As a fledgling scholar working in classical Hollywood, I was very excited when I heard about Trumbo, the biopic about the famed member of the Hollywood Ten. This group of screenwriters and directed would go down in history as a mostly principled group of men who refused to cave in to the anti-Communist paranoia that swept the nation in the wake of World War II.
The film essentially charts the process by which the Hollywood Ten is blacklisted by the industry due to their refusal to name names before HUAC. After languishing at King Brothers Productions (during which he is also compelled by economic necessity to take on more and more projects), Trumbo at last begins to claw his way back into respectability with The Wild One. However, it is not until a young actor and producer named Kirk Douglas (Dean O’Gorman) and a dour director named Otto Preminger (Christian Berkel) intercede that he finally breaks the blacklist, and Trumbo’s name is openly acknowledged in the credits of both Spartacus and Exodus. The film ends with a vindicated Trumbo delivering a heartfelt and deeply philosophical address to gathered Hollywood dignitaries.
Like many recent dramas, Trumbo strikes a delicate balance between portraying the 1950s in exacting and delicate detail, while also excoriating the period for its hypocrisy and repressiveness. The film does not allow for a great deal of ambiguity, and rightly so, as the fanatical overreach of HUAC destroyed the lives and careers of not just the Hollywood Ten, but also numerous other Hollywood professionals who saw their livelihoods demolished on even the faintest suspicion of Communist sympathies.
There are, fortunately, a few moments that undercut (or at least dilute) the more straightforwardly hagiographic tendencies. As the third act progresses, it becomes clear that Trumbo is not quite the loving and affectionate family man that everyone has believed. While the father/daughter film trope is a teensy bit on the lazy side, Cranston does a grand job bringing out the prickly and sometimes sanctimonious traits for which Trumbo became somewhat infamous.

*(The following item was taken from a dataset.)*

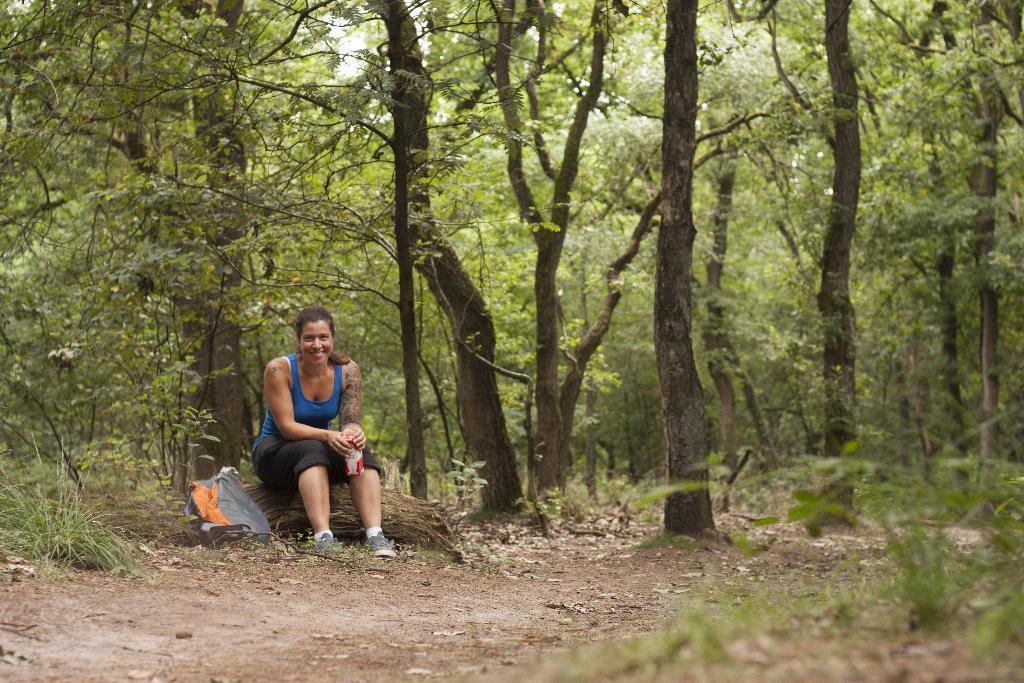In one or two sentences, can you explain what this image depicts? In this image a woman seated on the wood and she is laughing and she holds a bottle in her hands, there is a backpack near to her, in the background we can see trees. 
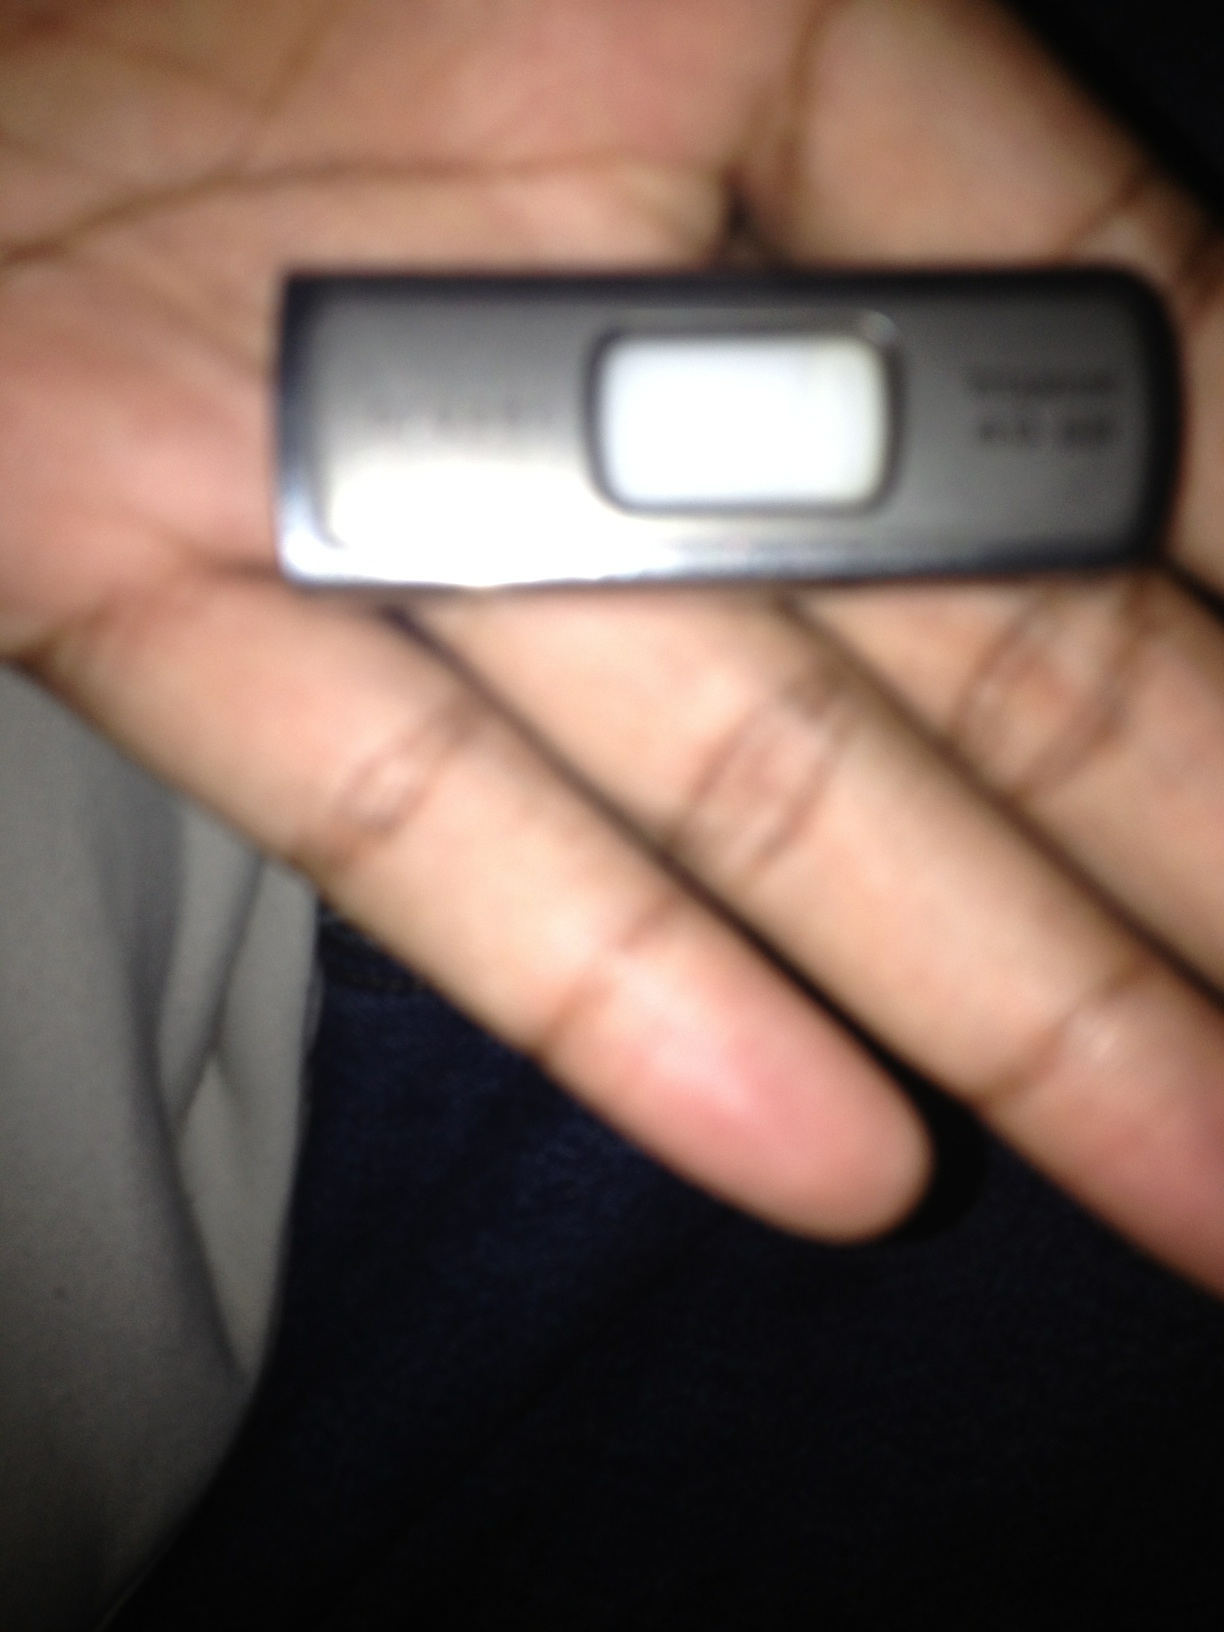Can you give an example of a real-world scenario where this device could be used? Certainly! A professional photographer might use a USB flash drive to store and transfer high-resolution images from a photoshoot to a client's computer. After completing the photoshoot, the photographer can quickly move the large image files from their camera to the flash drive, then plug the flash drive into the client's computer for a fast and efficient transfer of the photos.

While Trumbo is the driving narrative center of the film, a few other characters gain nuanced treatment. Edward G. Robinson (Michael Stuhlbarg) emerges as a conflicted and somewhat tragic figure, an actor desperate to salvage his reputation and maintain his livelihood. Though we are not invited to condone his betrayal of his friends (including Trumbo), the film clearly wants us to sympathize with him. He makes the best decision in a terrible situation, and while the relationship between him and Trumbo never returns to its
While perhaps not nuanced, per se, Helen Mirren does an absolutely marvelous job bringing Hedda Hopper to life. Mirren has always excelled at playing powerful women willing to do whatever it takes to defend their principles, and say what you will about Hopper’s red-baiting, she was a woman stalwart in her (misguided) principles. While the film may give her too much credit for the imposition of the blacklist, she does have some memorable (and vicious) lines, as when she reveals her racism by reminding Louis B. Mayer of his scrupulously disguised Jewish identity, as a trait he shares with many of his fellow studio heads.
Several of the other players deserve accolades. John Goodman is splendidly vulgar as Frank King, Trumbo’s employer (a role that Goodman has honed to perfection). Diane Lane, while conveying the long-suffering yet fiercely independent Cleo Trumbo, is rather underused, while Elle Fanning hits an unfortunately strident note as Trumbo’s increasingly resentful daughter Nikola. And poor Stephen Root is almost invisible as Frank’s brother Hymie, while Dean O’Gorman captures the look of Kirk Douglas, without quite mastering the older actor’s unique verbal mannerisms.
Trumbo is one of those films that the Hollywood film industry loves to periodically produce. By granting Trumbo the last word, it allows the industry to atone for the sins of the past and to lionize those figures who it once did everything its power to destroy. The film holds valuable lessons for us in the present, as we find ourselves as a nation confronted with a not-dissimilar atmosphere of paranoia. Like Trumbo, we should all be very wary of those who would mobilize our fears and make us give up those things that we value most about America.